A document evaluation support system narrows the search for related terms in a document, evaluates a search result, provides information of the evaluation, and further searches the search result for a related paragraph in the document so as to support evaluation and determination of the document. The system includes a document division section, a specified term search section, and a search result evaluation section. The sections further include a document attribute database, a document division determination rule database, a document division determination unit, a document division input unit, a divided document (paragraph) with heading database, a keyword database, a numeric database, a search method input unit, a search condition database, a specified result search unit, a search result database, a search result display unit, a weight database, a search result evaluation unit, an evaluation result database, and an evaluation result display unit.

Description

    CLAIM OF PRIORITY
  • The present application claims priority from Japanese patent application serial no. 2008-089172, filed on Mar. 31, 2008, the content of which is hereby incorporated by reference into this application.
  • FIELD OF THE INVENTION
  • The present invention relates to a document evaluation support system and method capable of getting useful information from a document and supporting term search in the document for confirming matters described in the document.
  • BACKGROUND OF THE INVENTION
  • When evaluating or confirming contents of a document, it is necessary to specify a term to be searched for and find where the term is located in the document. As the methods of retrieving terms, JP-A No. 2003-208447 discloses the method of dynamically determining a requested search term and a related term and displaying retrieved terms in the order of occurrence rates. JP-A No. 1994-215041 discloses the method of retrieving terms in accordance with a numeric condition defined as a document attribute. JP-A No. 1992-293161 discloses the method of retrieving terms by specifying the number of characters between search terms or a search range.

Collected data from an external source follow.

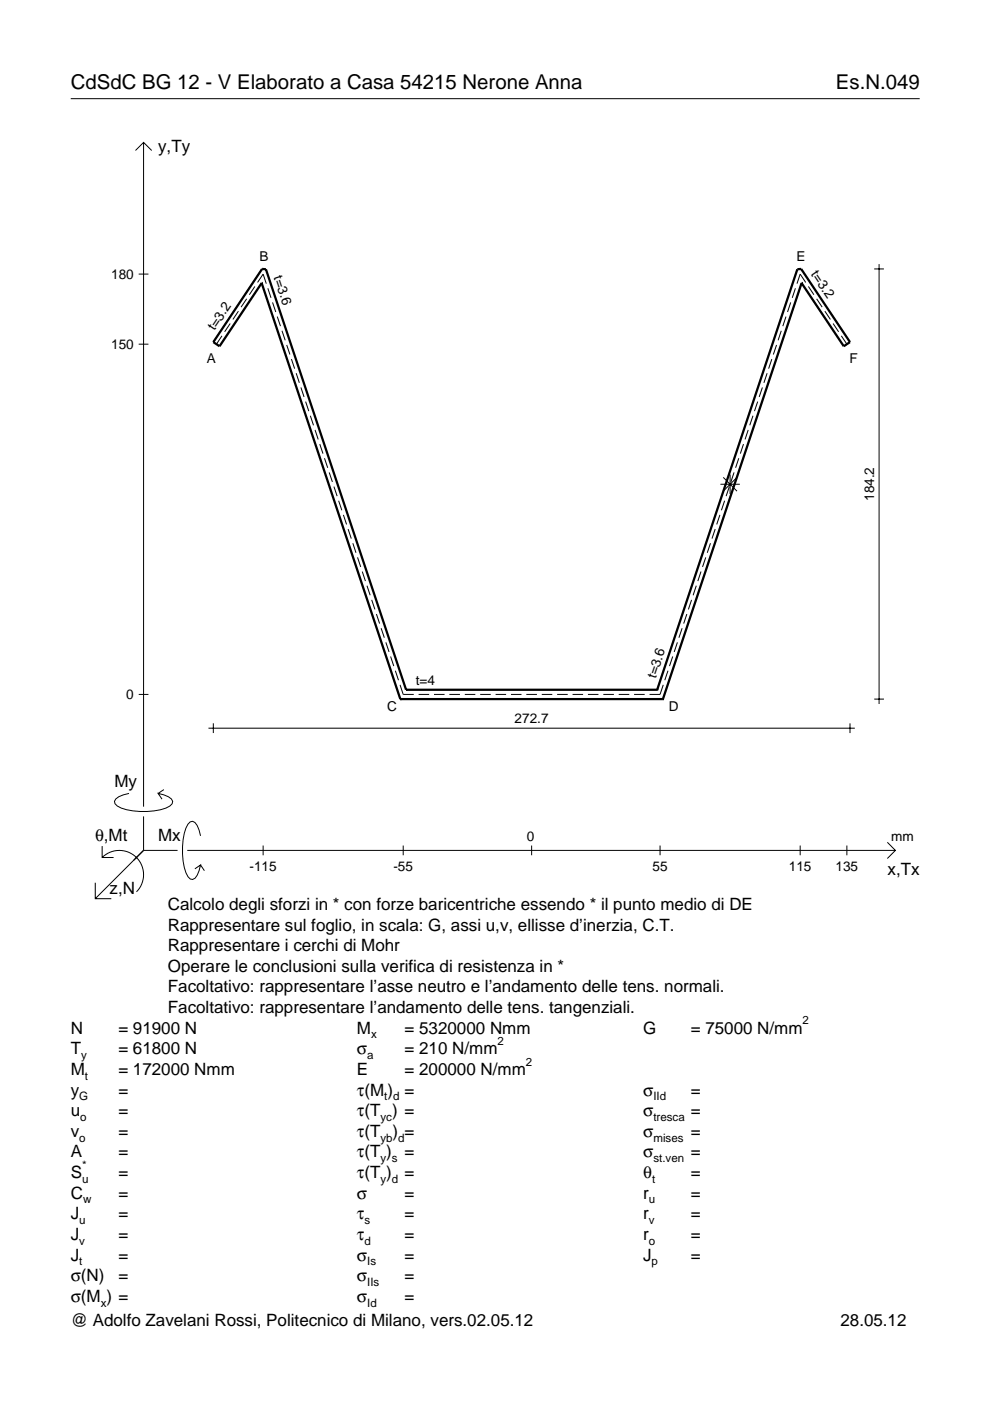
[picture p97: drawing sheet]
<svg xmlns="http://www.w3.org/2000/svg" width="210mm" height="297mm" viewBox="0 0 210 297" stroke-linecap="round" stroke-linejoin="round" font-family="sans-serif">
<defs><g id="words">
<g font-size="4.3">
<text x="15" y="18.9">CdSdC BG 12 - V Elaborato a Casa 54215 Nerone Anna</text>
<text x="177.2" y="18.9">Es.N.049</text>
</g>
<g font-size="3.6">
<text x="33.5" y="32.3">y,Ty</text>
<text x="24.3" y="166.9">My</text>
<text x="20.1" y="178.2">θ,Mt</text>
<text x="33.5" y="178.2">Mx</text>
<text x="188.2" y="185.5">x,Tx</text>
<text x="23.2" y="189.6">z,N</text>
<text x="35.6" y="192.9">Calcolo degli sforzi in * con forze baricentriche essendo * il punto medio di DE</text>
<text x="35.6" y="197.3">Rappresentare sul foglio, in scala: G, assi u,v, ellisse d’inerzia, C.T.</text>
<text x="35.6" y="201.7">Rappresentare i cerchi di Mohr</text>
<text x="35.6" y="206">Operare le conclusioni sulla verifica di resistenza in *</text>
<text x="35.6" y="210.4">Facoltativo: rappresentare l’asse neutro e l’andamento delle tens. normali.</text>
<text x="35.6" y="214.8">Facoltativo: rappresentare l’andamento delle tens. tangenziali.</text>
<text x="15" y="219.2">N</text>
<text x="25.1" y="219.2">= 91900 N</text>
<text x="75.7" y="219.2">M</text>
<text x="85.8" y="219.2">= 5320000 Nmm</text>
<text x="136.4" y="219.2">G</text>
<text x="146.5" y="219.2">= 75000 N/mm</text>
<text x="15" y="223.5">T</text>
<text x="15" y="227.9">M</text>
<text x="25.1" y="223.5">= 61800 N</text>
<text x="25.1" y="227.9">= 172000 Nmm</text>
<text x="75.7" y="223.5">σ</text>
<text x="75.7" y="227.9">E</text>
<text x="85.8" y="223.5">= 210 N/mm</text>
<text x="85.8" y="227.9">= 200000 N/mm</text>
<text x="15" y="232.3">y</text>
<text x="25.1" y="232.3">=</text>
<text x="75.7" y="232.3">τ(M ) =</text>
<text x="136.4" y="232.3">σ</text>
<text x="146.5" y="232.3">=</text>
<text x="15" y="236.7">u</text>
<text x="25.1" y="236.7">=</text>
<text x="75.7" y="236.7">τ(T ) =</text>
<text x="136.4" y="236.7">σ</text>
<text x="146.5" y="236.7">=</text>
<text x="15" y="241">v</text>
<text x="15" y="245.4">A</text>
<text x="25.1" y="241">=</text>
<text x="25.1" y="245.4">=</text>
<text x="75.7" y="245.4">τ(T )</text>
<text x="75.7" y="241">τ(T</text>
<text x="83.3" y="241">) =</text>
<text x="85.8" y="245.4">=</text>
<text x="136.4" y="241">σ</text>
<text x="136.4" y="245.4">σ</text>
<text x="146.5" y="241">=</text>
<text x="146.5" y="245.4">=</text>
<text x="15" y="249.8">S</text>
<text x="25.1" y="249.8">=</text>
<text x="75.7" y="249.8">τ(T )</text>
<text x="85.8" y="249.8">=</text>
<text x="136.4" y="249.8">θ</text>
<text x="146.5" y="249.8">=</text>
<text x="15" y="254.2">C</text>
<text x="25.1" y="254.2">=</text>
<text x="75.7" y="254.2">σ</text>
<text x="85.8" y="254.2">=</text>
<text x="136.4" y="254.2">r</text>
<text x="146.5" y="254.2">=</text>
<text x="15" y="258.5">J</text>
<text x="15" y="262.9">J</text>
<text x="25.1" y="258.5">=</text>
<text x="25.1" y="262.9">=</text>
<text x="75.7" y="258.5">τ</text>
<text x="75.7" y="262.9">τ</text>
<text x="85.8" y="258.5">=</text>
<text x="85.8" y="262.9">=</text>
<text x="136.4" y="258.5">r</text>
<text x="136.4" y="262.9">r</text>
<text x="146.5" y="258.5">=</text>
<text x="146.5" y="262.9">=</text>
<text x="15" y="267.3">J</text>
<text x="25.1" y="267.3">=</text>
<text x="75.7" y="267.3">σ</text>
<text x="85.8" y="267.3">=</text>
<text x="136.4" y="267.3">J</text>
<text x="146.5" y="267.3">=</text>
<text x="15" y="271.7">σ(N)</text>
<text x="25.1" y="271.7">=</text>
<text x="75.7" y="271.7">σ</text>
<text x="85.8" y="271.7">=</text>
<text x="15" y="281.2">@ Adolfo Zavelani Rossi, Politecnico di Milano, vers.02.05.12</text>
<text x="15" y="276">σ(M ) =</text>
<text x="75.7" y="276">σ</text>
<text x="85.8" y="276">=</text>
<text x="178.2" y="281.2">28.05.12</text>
</g>
<g font-size="2.9">
<text x="23.6" y="59.1">180</text>
<text x="55" y="55.4">B</text>
<text x="58" y="58.7" transform="rotate(72 58 58.7)">t=3.6</text>
<text x="168.9" y="55.4">E</text>
<text x="171.9" y="58.2" transform="rotate(56 171.9 58.2)">t=3.2</text>
<text x="45.5" y="70.2" transform="rotate(-56 45.5 70.2)">t=3.2</text>
<text x="23.6" y="74">150</text>
<text x="43.8" y="77.1">A</text>
<text x="180.1" y="77.1">F</text>
<text x="185.4" y="106.2" transform="rotate(-90 185.4 106.2)">184.2</text>
<text x="139" y="144" transform="rotate(-72 139 144)">t=3.6</text>
<text x="26.8" y="148.2">0</text>
<text x="88.2" y="145.2">t=4</text>
<text x="82.1" y="150.8">C</text>
<text x="109.1" y="153.4">272.7</text>
<text x="141.8" y="150.8">D</text>
<text x="111.7" y="178.2">0</text>
<text x="189" y="178.2">mm</text>
<text x="52.9" y="184.7">-115</text>
<text x="83.4" y="184.7">-55</text>
<text x="138.3" y="184.7">55</text>
<text x="167.3" y="184.7">115</text>
<text x="177.2" y="184.7">135</text>
</g>
<g font-size="2.4">
<text x="78.7" y="220.2">x</text>
<text x="105.5" y="221.5">2</text>
<text x="170.2" y="217.2">2</text>
<text x="17.2" y="224.5">y</text>
<text x="77.9" y="224.5">a</text>
<text x="111.5" y="225.9">2</text>
<text x="16.8" y="233.3">G</text>
<text x="18" y="228.9">t</text>
<text x="81.5" y="233.3">t d</text>
<text x="138.5" y="233.3">IId</text>
<text x="17" y="237.7">o</text>
<text x="80.7" y="237.7">yc</text>
<text x="138.5" y="237.7">tresca</text>
<text x="16.8" y="242">o</text>
<text x="80.7" y="242">yb d</text>
<text x="138.5" y="242">mises</text>
<text x="17.4" y="250.8">u</text>
<text x="17.4" y="247.8">*</text>
<text x="80.7" y="246.4">y s</text>
<text x="80.7" y="250.8">y d</text>
<text x="138.2" y="250.8">t</text>
<text x="138.5" y="246.4">st.ven</text>
<text x="17.6" y="255.2">w</text>
<text x="137.6" y="255.2">u</text>
<text x="16.8" y="259.5">u</text>
<text x="16.8" y="263.9">v</text>
<text x="77.3" y="259.5">s</text>
<text x="77.3" y="263.9">d</text>
<text x="137.6" y="259.5">v</text>
<text x="137.6" y="263.9">o</text>
<text x="16.8" y="268.3">t</text>
<text x="77.9" y="268.3">Is</text>
<text x="138.2" y="268.3">p</text>
<text x="77.9" y="272.7">IIs</text>
<text x="21.4" y="277">x</text>
<text x="77.9" y="277">Id</text>
</g>
</g></defs>
<g fill="none" stroke="#000" stroke-width=".21">
<path d="M15 20.9h180M28.7 31.9l1.7-1.7 1.8 1.7M30.4 30.2v140.8M29.4 58.1h2.1M54.6 59.9l1.2-1.8 .7 2M170.8 59.9l-1.1-1.8-.7 2M185.4 57h2M186.4 56v93.3M29.4 73h2.1M47.1 71.2l-1.2 1.8M48.8 68.6l-1.2 1.8M50.5 66l-1.1 1.7"/>
<path d="M52.3 63.4l-1.2 1.7M54 60.7l-1.1 1.8M56.8 61.1l.7 2M57.8 64.1l.7 2.1M58.8 67.1l.7 2.1M59.8 70.1l.7 2.1M60.8 73.1l.7 2.1M61.8 76.1l.7 2.1M62.8 79.1l.7 2.1M162.6 79.1l-.6 2.1M163.6 76.1l-.6 2.1M164.6 73.1l-.6 2.1"/>
<path d="M165.6 70.1l-.6 2.1M166.6 67.1l-.6 2.1M167.6 64.1l-.6 2.1M168.6 61.1l-.6 2M171.4 60.7l1.2 1.8M173.1 63.4l1.2 1.7M174.9 66l1.2 1.7M176.6 68.6l1.2 1.8M178.4 71.2l1.2 1.8M63.8 82.1l.7 2.1M64.8 85.1l.7 2.1M65.8 88.1l.7 2.1"/>
<path d="M66.8 91.2l.7 2M67.8 94.2l.7 2M68.8 97.2l.7 2M156.6 97.2l-.6 2M157.6 94.2l-.6 2M158.6 91.2l-.6 2M159.6 88.1l-.6 2.1M160.6 85.1l-.6 2.1M161.6 82.1l-.6 2.1M69.8 100.2l.7 2M70.8 103.2l.7 2M71.8 106.2l.7 2"/>
<path d="M72.8 109.2l.7 2M73.8 112.2l.7 2M74.8 115.2l.7 2M75.8 118.2l.7 2M149.6 118.2l-.6 2M150.6 115.2l-.6 2M151.6 112.2l-.6 2M152.6 109.2l-.6 2M152.7 102.7h4.2M153.3 101.2l3 2.9M153.6 106.2l-.6 2M154.6 103.2l-.6 2"/>
<path d="M154.8 100.6v4.1M155.6 100.2l-.6 2M156.3 101.2l-3 2.9M76.8 121.2l.7 2M77.8 124.2l.7 2M78.8 127.2l.7 2M79.8 130.2l.7 2M80.8 133.2l.7 2M81.8 136.2l.7 2M82.8 139.2l.7 2M142.6 139.2l-.7 2M143.6 136.2l-.7 2"/>
<path d="M144.6 133.2l-.7 2M145.6 130.2l-.6 2M146.6 127.2l-.6 2M147.6 124.2l-.6 2M148.6 121.2l-.6 2M29.4 147.2h2.1M44.2 154.4h137M45.2 153.4v2M83.8 142.2l.7 2M84.8 145.2l.7 2h2.2M88.8 147.2h2.2M92 147.2h2.3"/>
<path d="M95.3 147.2h2.2M98.5 147.2h2.3M101.8 147.2h2.2M105.1 147.2h2.2M108.3 147.2h2.3M111.6 147.2h2.2M114.9 147.2h2.2M118.1 147.2h2.3M121.4 147.2h2.2M124.7 147.2h2.2M127.9 147.2h2.3M131.2 147.2h2.2"/>
<path d="M134.4 147.2h2.3M140.6 145.2l-.7 2h-2.2M141.6 142.2l-.7 2M180.2 153.4v2M185.4 148.2h2M21.7 179.4v2.4h2.4M27.3 168.2a3.6 3.6 0 0 0-3 1.7l.1 .5a5.6 5.6 0 0 0 3.8 1.5 13.4 13.4 0 0 0 7.8-1l.5-.5 .1-.5a3.6 3.6 0 0 0-3.1-1.7l.8 1.2M30.4 173.1v7.2M34.7 167.4l-1.2 .8M42.5 177.2a3.6 3.6 0 0 0-1.7-3.1l-.5 .2a5.7 5.7 0 0 0-1.5 3.7 13.3 13.3 0 0 0 1 7.9l.5 .5 .5 .1a3.6 3.6 0 0 0 1.7-3.1l-1.2 .8M55.8 179.3v2M85.5 179.3v2"/>
<path d="M112.7 179.3v2M139.9 179.3v2M169.7 179.3v2M179.6 179.3v2M188.1 178.6l1.7 1.7-1.7 1.7M20.2 187.2v3.3h3.4M21.7 181.8a5.1 5.1 0 0 1 7.2 0 5.1 5.1 0 0 1 0 7.3M30.4 180.3l-10.2 10.2M30.4 180.3h7.2M39.7 180.3h150.1M42.5 183.4l.8 1.2"/>
</g>
<path d="M55.5 60h.1M55.5 60l-9 13.4-1.3-.9 10.4-15.5 .8 .1 29.7 89.1M55.5 60l29.4 88.2M170 60h.1M170 60l-29.4 88.2M170 60l8.9 13.4 1.3-.9-10.3-15.5-.8 .1-29.8 89.1M84.9 148.2h.1M84.9 148.2h55.7M86.1 146.2h.1M86.1 146.2h53.2M139.3 146.2h.1M140.6 148.2h.1" fill="none" stroke="#000" stroke-width=".48"/>
<use href="#words"/>
</svg>

  • Conventionally, a search for a certain term or terms in a document has been carried out by setting specified conditions such as a term or terms to be searched for, a related term, the number of characters between the terms to be searched for, and an attribute numeric of the document.
  • Incidentally, depending on the evaluation contents of the document to be evaluated, it is needed to further refine search conditions, improve the accuracy of search refinement, and evaluate search results for increasing the utilization of the search results. That is, there is a need for giving support to not only retrieving a single term but also retrieving a combination of closely related search terms within a specified range, providing evaluation of a search result, and providing and determining information related to the search result.
  • The present invention is to provide a document evaluation support system capable of narrowing a search for related terms in a document, providing information with evaluation of a search result, and further supporting for evaluation and determination of the document by carrying out a search of a related section such as paragraph or the like or sections in the document from the search result for term.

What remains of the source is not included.